Keywords

1 Introduction

Quantitative brain analysis is crucial to better understand the human brain and to detect pathologies. However, whole brain segmentation is still a very challenging problem, mostly due to the high number of anatomical labels compared to the limited number of available training data. Indeed, manual segmentation of the whole brain is a very tedious and difficult task, preventing the production of large annotated datasets. To address this question, several methods have been proposed in the past years. One of the main references in the domain is the patch-based joint label fusion (JLF) which won the MICCAI challenge in 2012 [1]. More recently, deep leaning (DL) methods have also been proposed. Due to limited GPU memory, first attempts were based on patchwise strategies [2, 3] or 2D segmentation (slice by slice) [4]. Last year, first 3D fully convolutional network methods were proposed using reduced input data size (i.e., 128 × 128 × 128 voxels) [5] or Spatially Localized Atlas Network Tiles (SLANT) strategy [6]. This latter framework divides the whole volume into overlapping sub-volumes, each one being processed by a different U-Net [7] (e.g., 27). The SLANT strategy addresses the problem of memory and simplifies the complex problem of whole brain segmentation into simpler problems, better suited to limited training data.

In this paper, we propose to extend this framework by using a much larger number of simpler U-Nets (i.e., 250). The main addressed question is the optimal organization of this large ensemble. To this end, we propose a new framework called AssemblyNet. Inspired by decision-making process developed by human societies to deal with complex problems, we decided to model a parliamentary system based on two separate assemblies. Such bicameral – meaning two chambers – parliament has been adopted by many countries around the world. A bicameral system is usually composed of an upper and a lower chamber, both having their own independency to ensure the balance of power. However, an assembly may communicate its vote to the other for amendment. Such parliamentary system is capable of dealing with complex decisions and reaching a consensus quickly.

2 Methods

2.1 General Overview

In AssemblyNet, both assemblies are composed of U-Net considered as “assembly members” (see Fig. 1). Each member represents one territory (i.e., brain area) in the final vote. To this end, we used spatially localized networks where each U-Net only processes a sub-volume of the global volume as done in [6]. Sub-volumes overlap each other, so the final segmentation results from an overcomplete aggregation of local votes. A majority vote is used to obtain the global segmentation. Moreover, each member can share knowledge with his nearest neighbor in the assembly. In particular, we propose a novel nearest neighbor transfer learning strategy, where weights of the spatially nearest U-Net are used to initialize the next U-Net. In addition, we also propose to use prior knowledge on the expected final decision which can be viewed as the bill (i.e., draft law) submitted to an assembly for consideration. As prior knowledge, we decided to use non-linearly registered Atlas priors. Finally, we also propose modeling communication between both assemblies using an innovative strategy. In AssemblyNet, we used a multiscale cascade of assemblies where the first assembly produces coarse decision at 2 × 2 × 2 mm. This coarse decision is transmitted to the second assembly for analysis at 1 × 1 × 1 mm. This amendment procedure is similar to an error correction or a refinement step. After consideration by both assemblies, the bill under consideration becomes a law which represents the final segmentation in our system.

Fig. 1.
figure 1

Illustration of the proposed AssemblyNet framework.

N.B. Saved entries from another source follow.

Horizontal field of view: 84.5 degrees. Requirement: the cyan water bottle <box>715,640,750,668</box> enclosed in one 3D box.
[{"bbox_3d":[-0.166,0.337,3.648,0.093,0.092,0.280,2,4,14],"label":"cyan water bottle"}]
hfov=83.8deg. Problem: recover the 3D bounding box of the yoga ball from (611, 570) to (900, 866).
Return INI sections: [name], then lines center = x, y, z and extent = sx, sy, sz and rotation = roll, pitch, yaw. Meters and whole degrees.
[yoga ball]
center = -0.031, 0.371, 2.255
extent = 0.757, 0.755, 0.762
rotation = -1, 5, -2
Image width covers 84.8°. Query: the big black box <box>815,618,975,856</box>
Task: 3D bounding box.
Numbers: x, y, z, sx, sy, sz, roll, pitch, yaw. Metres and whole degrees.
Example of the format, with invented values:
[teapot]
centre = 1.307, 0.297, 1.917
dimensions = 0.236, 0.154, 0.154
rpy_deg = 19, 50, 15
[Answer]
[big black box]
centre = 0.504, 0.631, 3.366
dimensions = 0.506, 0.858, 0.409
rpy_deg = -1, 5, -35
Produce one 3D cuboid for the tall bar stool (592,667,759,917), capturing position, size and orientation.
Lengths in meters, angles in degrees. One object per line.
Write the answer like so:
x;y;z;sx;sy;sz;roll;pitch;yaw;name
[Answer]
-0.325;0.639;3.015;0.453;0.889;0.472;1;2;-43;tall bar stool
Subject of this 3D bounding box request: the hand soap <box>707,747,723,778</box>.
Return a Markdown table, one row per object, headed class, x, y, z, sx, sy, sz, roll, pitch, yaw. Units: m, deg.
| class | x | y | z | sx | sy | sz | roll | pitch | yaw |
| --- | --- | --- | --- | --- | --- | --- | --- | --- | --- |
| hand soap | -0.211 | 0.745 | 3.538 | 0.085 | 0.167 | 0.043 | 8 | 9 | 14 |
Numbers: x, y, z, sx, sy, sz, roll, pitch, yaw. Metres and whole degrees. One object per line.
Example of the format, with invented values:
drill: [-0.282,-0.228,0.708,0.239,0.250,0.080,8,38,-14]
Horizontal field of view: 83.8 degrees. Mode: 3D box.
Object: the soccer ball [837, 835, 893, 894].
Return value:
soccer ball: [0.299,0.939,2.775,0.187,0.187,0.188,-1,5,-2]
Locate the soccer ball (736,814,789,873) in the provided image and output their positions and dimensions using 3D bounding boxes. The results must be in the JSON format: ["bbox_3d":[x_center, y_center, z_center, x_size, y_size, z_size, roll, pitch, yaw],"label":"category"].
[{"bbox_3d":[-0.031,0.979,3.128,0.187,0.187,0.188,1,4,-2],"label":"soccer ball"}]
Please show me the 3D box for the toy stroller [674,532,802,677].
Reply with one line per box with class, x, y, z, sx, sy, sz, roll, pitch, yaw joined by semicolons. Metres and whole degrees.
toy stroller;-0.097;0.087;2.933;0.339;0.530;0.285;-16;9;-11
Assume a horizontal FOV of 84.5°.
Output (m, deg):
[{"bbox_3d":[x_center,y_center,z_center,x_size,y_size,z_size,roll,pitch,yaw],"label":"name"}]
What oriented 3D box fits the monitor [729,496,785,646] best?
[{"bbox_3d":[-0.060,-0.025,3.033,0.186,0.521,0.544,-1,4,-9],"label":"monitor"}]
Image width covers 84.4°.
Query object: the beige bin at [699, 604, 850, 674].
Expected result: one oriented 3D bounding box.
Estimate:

Our contributions are threefold: (i) the use of prior knowledge based on fast atlas registration, (ii) a knowledge sharing between CNNs using nearest neighbor transfer learning and (iii) an iterative refinement process based on a multiscale cascade of assemblies.

2.2 Proposed Framework

Preprocessing: To homogenize input orientations and intensities, all the images are first preprocessed with the following steps: (i) denoising [8], (ii) inhomogeneity correction [9], (iii) affine registration into the MNI space (181 × 217 × 181 voxels at 1 × 1 × 1 mm) [10], (iv) tissue-based intensity normalization [11] and (v) brain extraction [12]. Afterwards, image intensities are centralized and normalized within the brain mask.

Atlas Priors: To obtain priors knowledge on the expected results, we perform a non-linear registration of the MICCAI 2012 Multi-Atlas Labeling Challenge atlas to the subject under consideration.

Assembly Description: Each assembly is composed of 125 U-Nets equally distributed in the MNI space along each axis (i.e., 5 along x, y and z). Each 3D U-Net processes a sub-volume large enough to ensure at least 50% of overlap between sub-spaces. At the end, a majority vote is used to aggregate the local votes.

Nearest Neighbor Transfer Learning: To enable knowledge sharing between U-Nets of an assembly, we propose a new transfer learning where the weights of the nearest U-Net are used to initialize the next U-Net. In practice, we only copy the weights of the descending path of the U-Net architecture. At the beginning, we train the first U-Net from scratch. Then, each U-Net on the first column is initialized with weights of the previous U-Net. Once the first column is trained, each U-Net of the next column is initialized with the U-Net at the same position on the previous column and so on. Finally, once the first 2D plane of U-Nets is trained, each U-Net of the next 2D planes is initialized with the U-Net at the same position on the previous plane and so on.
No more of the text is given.